During his testimony, Thorn read letters from his small-business clients about the likely impact of the new health insurance tax. One wrote that the tax “scares the daylights out of us,” while another warned that it would likely “hasten the decision to move away from providing group coverage for our employees.”
The Department of Health and Human Services reports that among private businesses that offer health insurance, three of every four firms with between 100 and 500 employees purchase coverage in the fully insured market. The number jumped to 87 percent for firms with fewer than 100 workers.
On the other hand, 82 percent of large firms (500 or more employees) run their own health insurance programs.
Robert Zirkelback, a spokesman for America’s Health Insurance Plans, a trade group for insurance providers, acknowledged that small firms will likely “shoulder most of the burden” of the tax. Meanwhile, a new minimum-coverage requirement for employers with 50 or more workers will be broader than what some of them already offer, he said, which could further increase their costs as they are forced to supplement their current plans.
A new study by the National Federation of Independent Business, which has long pushed back against the health-care law, suggests that the health-care tax could reduce private-sector employment by several hundred thousand jobs over the next decade, more than half of which would come from small businesses. Based on its forecasts, the toll on gross domestic product could reach as high as $185 billion.
Paul Van de Water, an economist with the Center on Budget and Policy Priorities, took issue with parts of the study, saying that the model does not account for higher compensation for employees in the form of better health coverage.
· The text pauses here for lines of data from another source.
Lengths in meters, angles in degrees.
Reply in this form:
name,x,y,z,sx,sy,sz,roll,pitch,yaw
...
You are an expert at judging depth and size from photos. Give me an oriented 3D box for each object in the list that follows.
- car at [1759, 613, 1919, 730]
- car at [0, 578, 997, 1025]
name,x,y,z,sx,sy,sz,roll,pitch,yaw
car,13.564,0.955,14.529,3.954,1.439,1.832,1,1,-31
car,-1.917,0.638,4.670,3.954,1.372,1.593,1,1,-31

He disputed the claim that the tax would eliminate jobs, too, citing estimates from the Congressional Budget Office that any changes in employment because of the health-care law will be negligible.
But even if the tax has some negative side effects, he said, that is the price the country must pay to improve the health-care system.
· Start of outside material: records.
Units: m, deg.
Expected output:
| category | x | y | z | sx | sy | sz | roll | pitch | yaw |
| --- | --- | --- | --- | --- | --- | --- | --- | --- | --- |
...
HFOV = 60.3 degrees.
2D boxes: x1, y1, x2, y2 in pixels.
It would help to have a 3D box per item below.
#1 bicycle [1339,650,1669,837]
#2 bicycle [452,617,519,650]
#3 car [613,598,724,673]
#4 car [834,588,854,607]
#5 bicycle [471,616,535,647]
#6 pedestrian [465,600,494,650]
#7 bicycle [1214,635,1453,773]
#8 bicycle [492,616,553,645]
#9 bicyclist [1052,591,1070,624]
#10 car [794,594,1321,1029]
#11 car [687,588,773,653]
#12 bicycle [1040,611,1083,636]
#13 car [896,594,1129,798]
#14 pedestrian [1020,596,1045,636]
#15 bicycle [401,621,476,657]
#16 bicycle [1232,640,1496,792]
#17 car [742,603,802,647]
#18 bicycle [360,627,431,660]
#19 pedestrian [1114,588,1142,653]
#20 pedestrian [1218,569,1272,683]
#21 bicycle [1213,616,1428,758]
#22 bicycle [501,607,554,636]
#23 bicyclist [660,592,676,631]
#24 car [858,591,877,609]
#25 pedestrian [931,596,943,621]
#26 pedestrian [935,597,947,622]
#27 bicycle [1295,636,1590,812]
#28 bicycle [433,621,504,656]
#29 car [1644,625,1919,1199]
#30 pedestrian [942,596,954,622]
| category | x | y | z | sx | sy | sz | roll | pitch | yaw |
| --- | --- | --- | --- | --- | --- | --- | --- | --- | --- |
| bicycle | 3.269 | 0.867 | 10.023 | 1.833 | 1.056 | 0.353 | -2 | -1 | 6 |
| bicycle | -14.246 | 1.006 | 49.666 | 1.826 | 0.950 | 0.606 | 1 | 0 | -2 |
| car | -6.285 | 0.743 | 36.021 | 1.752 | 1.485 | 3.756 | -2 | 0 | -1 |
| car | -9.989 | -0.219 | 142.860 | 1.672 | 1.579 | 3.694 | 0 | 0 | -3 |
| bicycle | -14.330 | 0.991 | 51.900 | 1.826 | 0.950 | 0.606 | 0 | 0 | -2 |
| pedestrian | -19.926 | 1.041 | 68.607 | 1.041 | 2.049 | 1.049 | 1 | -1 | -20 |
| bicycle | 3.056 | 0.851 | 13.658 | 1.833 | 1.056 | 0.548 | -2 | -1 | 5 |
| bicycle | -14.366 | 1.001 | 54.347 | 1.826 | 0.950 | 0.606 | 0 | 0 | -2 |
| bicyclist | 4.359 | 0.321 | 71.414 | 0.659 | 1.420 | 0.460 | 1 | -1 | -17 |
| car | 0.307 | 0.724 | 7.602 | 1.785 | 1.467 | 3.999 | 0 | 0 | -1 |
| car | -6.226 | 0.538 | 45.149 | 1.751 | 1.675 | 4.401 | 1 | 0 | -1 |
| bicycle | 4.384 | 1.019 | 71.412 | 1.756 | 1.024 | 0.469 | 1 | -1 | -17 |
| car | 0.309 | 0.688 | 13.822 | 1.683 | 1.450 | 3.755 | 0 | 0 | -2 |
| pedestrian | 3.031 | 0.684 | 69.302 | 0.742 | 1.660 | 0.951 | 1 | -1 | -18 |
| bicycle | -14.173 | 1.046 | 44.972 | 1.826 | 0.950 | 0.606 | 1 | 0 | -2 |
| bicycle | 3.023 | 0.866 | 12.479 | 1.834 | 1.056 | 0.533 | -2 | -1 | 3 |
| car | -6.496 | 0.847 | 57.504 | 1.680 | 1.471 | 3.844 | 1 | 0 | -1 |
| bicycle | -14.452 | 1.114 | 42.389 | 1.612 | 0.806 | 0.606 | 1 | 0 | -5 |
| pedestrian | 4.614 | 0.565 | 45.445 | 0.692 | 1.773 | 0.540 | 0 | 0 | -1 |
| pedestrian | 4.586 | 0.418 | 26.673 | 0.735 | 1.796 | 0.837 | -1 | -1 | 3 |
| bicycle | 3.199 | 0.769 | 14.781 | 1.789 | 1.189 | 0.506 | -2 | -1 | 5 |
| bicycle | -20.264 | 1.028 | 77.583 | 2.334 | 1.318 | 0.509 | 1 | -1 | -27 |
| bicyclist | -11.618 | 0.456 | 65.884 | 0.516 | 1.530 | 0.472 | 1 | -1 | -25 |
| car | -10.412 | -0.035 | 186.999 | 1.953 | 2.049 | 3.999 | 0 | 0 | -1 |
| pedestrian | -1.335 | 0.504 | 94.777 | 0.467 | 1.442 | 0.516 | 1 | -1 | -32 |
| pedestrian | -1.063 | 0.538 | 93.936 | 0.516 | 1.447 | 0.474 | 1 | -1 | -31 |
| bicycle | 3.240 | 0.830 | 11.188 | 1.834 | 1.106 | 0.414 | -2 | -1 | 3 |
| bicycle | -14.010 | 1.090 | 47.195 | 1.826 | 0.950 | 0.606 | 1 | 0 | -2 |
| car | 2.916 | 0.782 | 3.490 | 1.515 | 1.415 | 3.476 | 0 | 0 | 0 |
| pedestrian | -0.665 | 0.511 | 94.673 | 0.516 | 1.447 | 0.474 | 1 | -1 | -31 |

“No one likes taxes, per se, but we raise taxes to raise revenues to pay for things that we want to pay for,” Van de Water told members of the House Small Business Committee. “In this case, we are paying for an expansion of health-care coverage to 27 million Americans.”
Nevertheless, the concerns from small-business owners and insurance companies have prompted lawmakers to introduce bills that would repeal the health insurance tax — one from Sens. Orrin G. Hatch (R-Utah) and John Barrasso (R-Wyo.) and another from Reps. Charles W. Boustany Jr. (R-La.) and Jim Matheson (D-Utah).
Business lobbying groups from the manufacturing, construction and farming sectors have supported those efforts, citing similar concerns about the likely impact on their health insurance premiums.